Já existe operação multicanal (loja física, e-commerce, possivelmente marketplace), mais de uma transportadora contratada e talvez um centro de distribuição ou operador logístico terceirizado. O foco passa de "cortar custo óbvio" para otimização contínua: indicador de OTIF (entrega no prazo e completa), giro por curva ABC, ruptura por SKU, custo por pedido por canal. Vale WMS leve integrado ao ERP, gestão ativa de contrato com transportadora e um responsável dedicado de operações. Risco principal é complexidade que esconde ineficiência local — cada canal precisa ter seu custo medido separadamente, ou um canal lucrativo sustenta outro que perde dinheiro.
- Estoque cresceu mais do que o faturamento no último ano
- Você não sabe de cor o giro do seu principal produto
- Cliente reclama recorrentemente de atraso ou pedido incompleto
- Frete consome margem que você não previu na precificação
- Tem produto encalhado há mais de seis meses e ninguém revisou
- Não existe indicador de OTIF (entrega no prazo, completa) sendo medido
- A última vez que cotou transportadora foi há mais de um ano
- Inventário físico não bate com o sistema em mais de 3% dos itens
O diagnóstico que precede qualquer mudança
Empresário que vai mexer em logística costuma pular para a solução antes de entender o problema. Antes de trocar de transportadora, contratar consultoria ou comprar software, sente com a planilha e gere quatro números:
Giro de estoque (faturamento dividido por estoque médio — diz quantas vezes seu estoque "vira" no ano). Custo médio de frete sobre o pedido. Taxa de entregas atrasadas. E o custo total por pedido, somando armazenagem, separação, embalagem e transporte. Esses quatro números mostram onde sangra. Sem eles, qualquer mudança é palpite.

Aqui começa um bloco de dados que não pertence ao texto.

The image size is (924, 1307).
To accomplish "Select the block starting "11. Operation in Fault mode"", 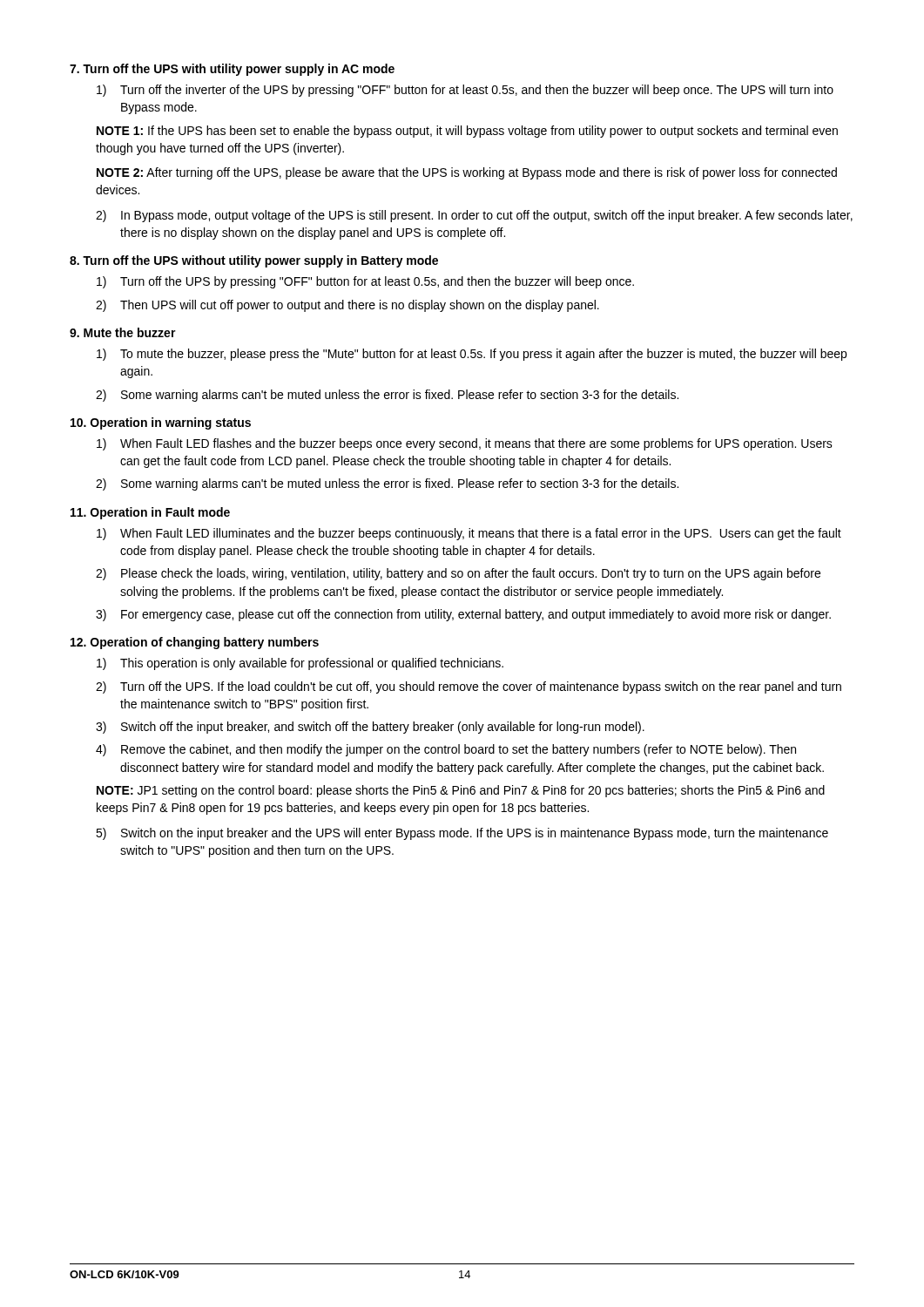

- Calcule o giro de estoque por categoria. Faturamento de cada categoria dividido pelo estoque médio dela. Categorias com giro baixo (menos de quatro ou cinco vezes ao ano) podem ter dinheiro engessado.
- Levante o custo médio de frete sobre o pedido. Quanto, em percentual, o frete representa do valor do pedido — e como esse percentual variou nos últimos seis meses. Tendência de alta sem ajuste de preço é margem evaporando.
- Meça a taxa de entregas no prazo. Pedidos entregues na data prometida dividido por pedidos totais. Abaixo de 90% costuma gerar perda de cliente e custo de reentrega.
- Some o custo total por pedido. Armazenagem proporcional, hora de separação, embalagem, transporte. Esse número é o custo logístico unitário — quase nenhuma PME calcula.
- Identifique os 10 itens mais críticos. Curva ABC (poucos itens que respondem pela maior parte do volume). Foque atenção neles — o resto pode esperar.
- Decida onde atacar primeiro. Olhando os quatro números e a curva ABC, escolha um ponto: giro, frete, OTIF ou custo unitário. Um por vez, com dois ou três meses de foco cada.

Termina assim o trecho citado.